Либеральные наклонности Мальпурго заставили его высказать свое несогласие.
— Ну не хотите же вы сказать, что современные африканцы продолжают оставаться дикарями, мягко возразил он. — Я встречал среди них весьма высокообразованных людей.
— Все черные — дикари, — яростно настаивал коммандант, —
и чем они образованней, тем опасней. Мистер Мальпурго вздохнул.— Такая прекрасная страна, — сказал он. — Как жаль, что люди разных рас не могут в ней мирно уживаться друг с другом.
Коммандант Ван Хеерден с недоумением посмотрел на него.
— Моя работа отчасти как раз в том и состоит, чтобы не допускать совместной жизни представителей разных рас, — проговорил он, и в голосе его почувствовались предупреждающие нотки. Послушайтесь моего совета и выбросьте подобные идеи из головы. Мне бы очень не хотелось, чтобы такой приятный молодой человек, как вы, угодил в тюрьму.
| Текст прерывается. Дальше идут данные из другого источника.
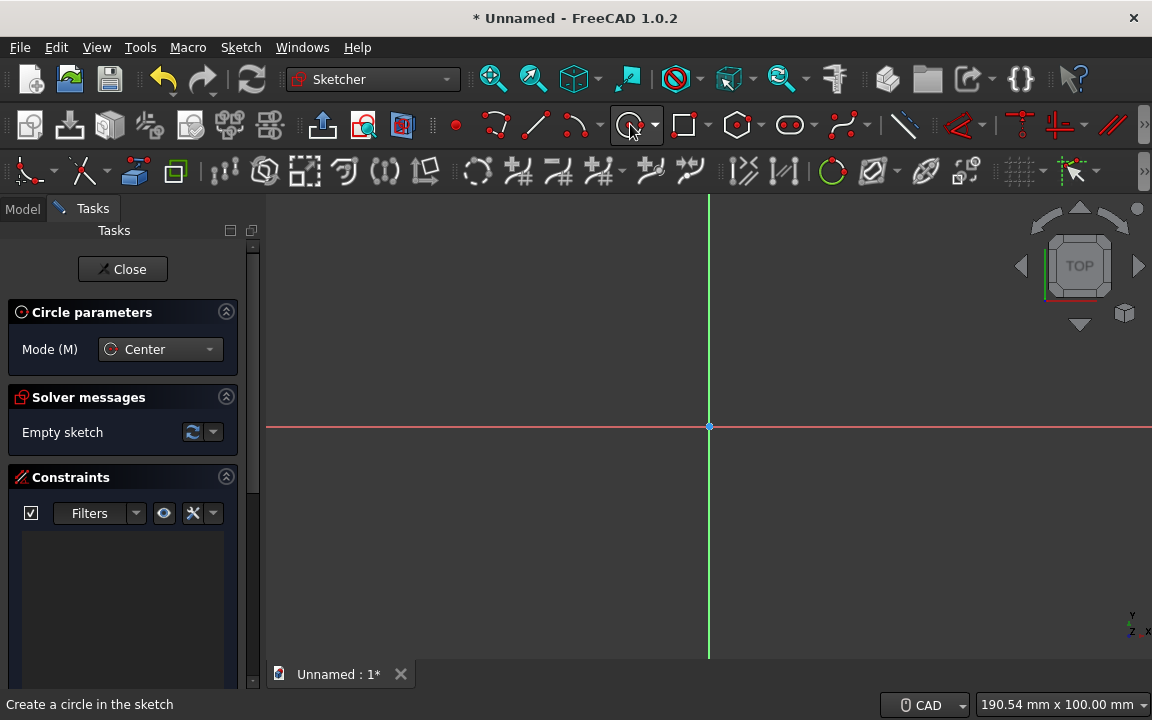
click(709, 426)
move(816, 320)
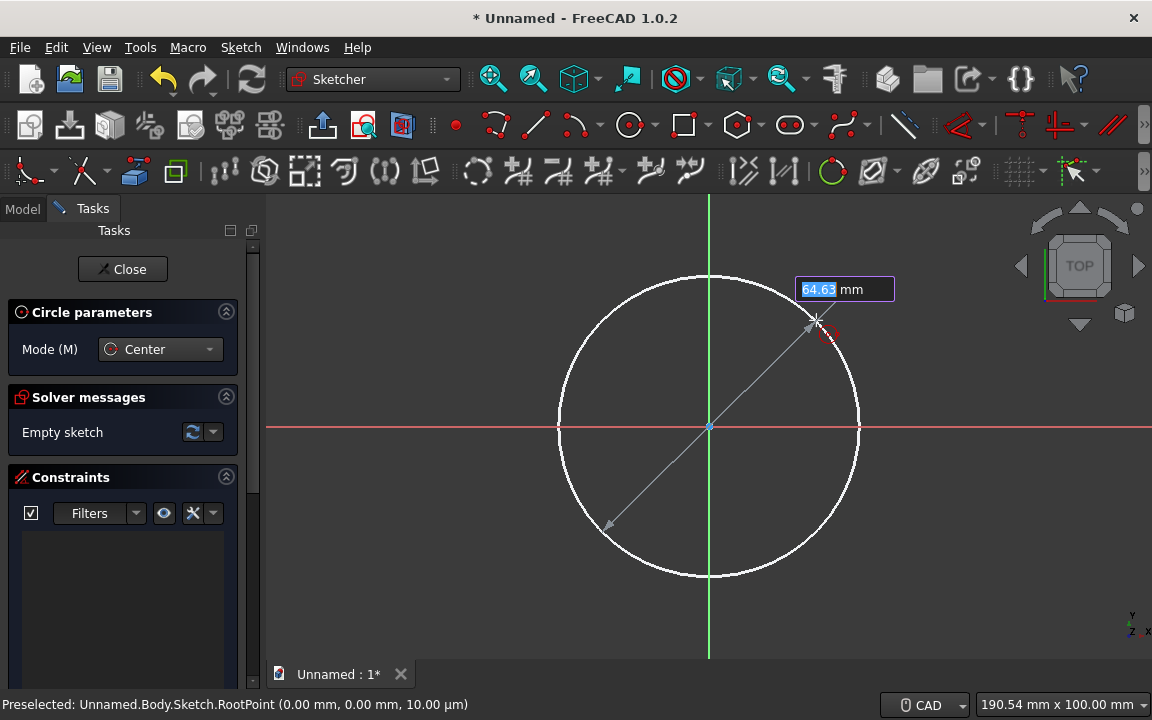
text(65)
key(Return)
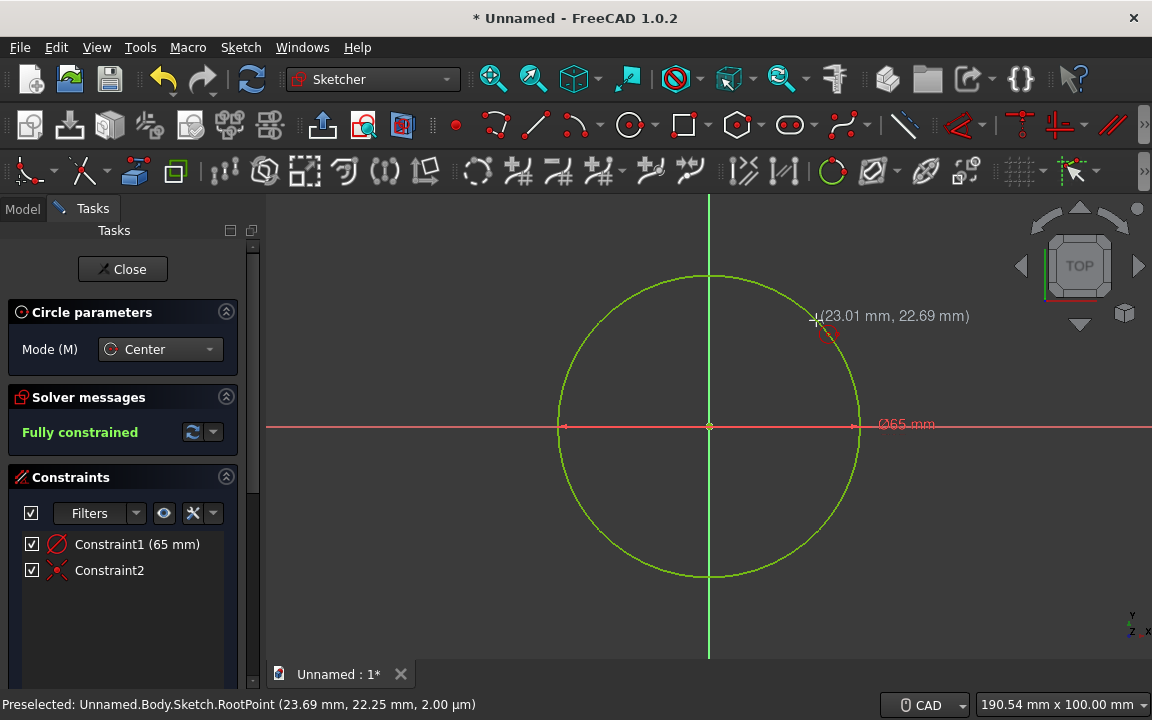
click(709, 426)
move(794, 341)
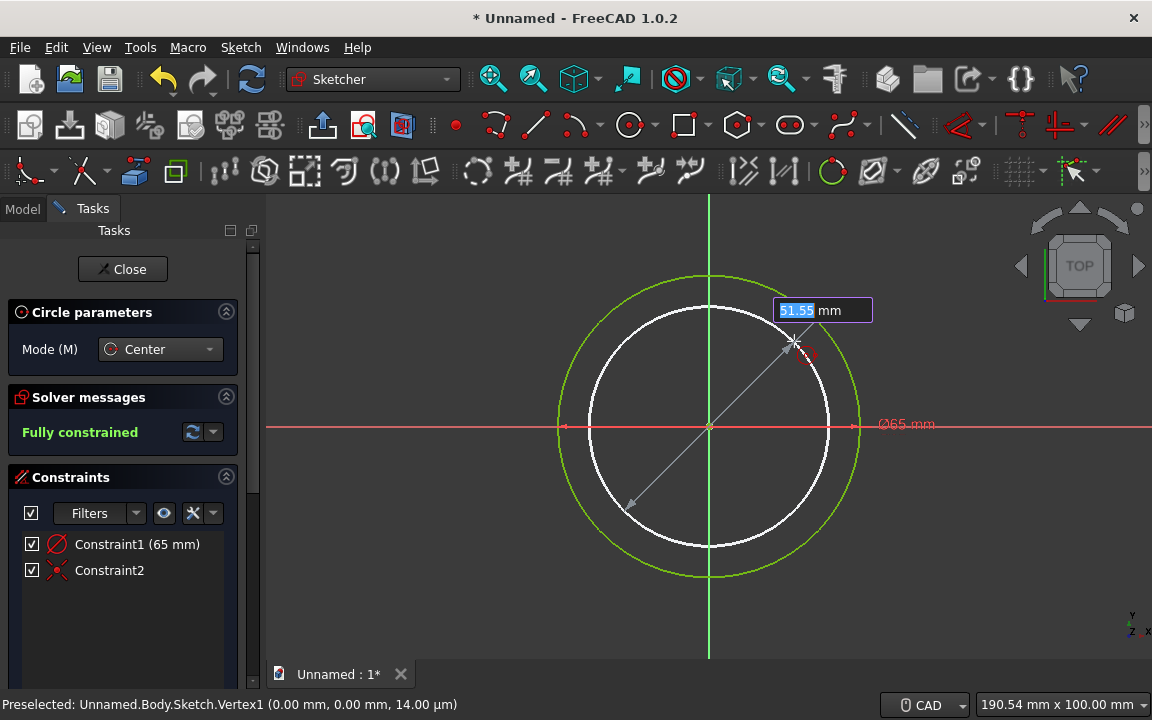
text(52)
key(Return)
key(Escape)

Мальпурго остановился как вкопанный и, заикаясь, начал оправдываться:
— Я вовсе не имел в виду, что…
— А я и не говорю, будто вы имели в виду, — добродушно перебил его коммандант. — Подобные идеи хоть раз в жизни, да посещают каждого из нас. Но лучше всего о них позабыть. Если кому-то хочется жить с черным, пусть едут в Лоренсу-Маркиш. У португальцев это можно, на совершенно законных основаниях. И девочки у них там красивые, уж можете мне поверить. — Мальпурго перестал икать, но продолжал смотреть на комманданта с беспокойством. Работа в университете Зулулэнда не подготовила его к подобным ситуациям.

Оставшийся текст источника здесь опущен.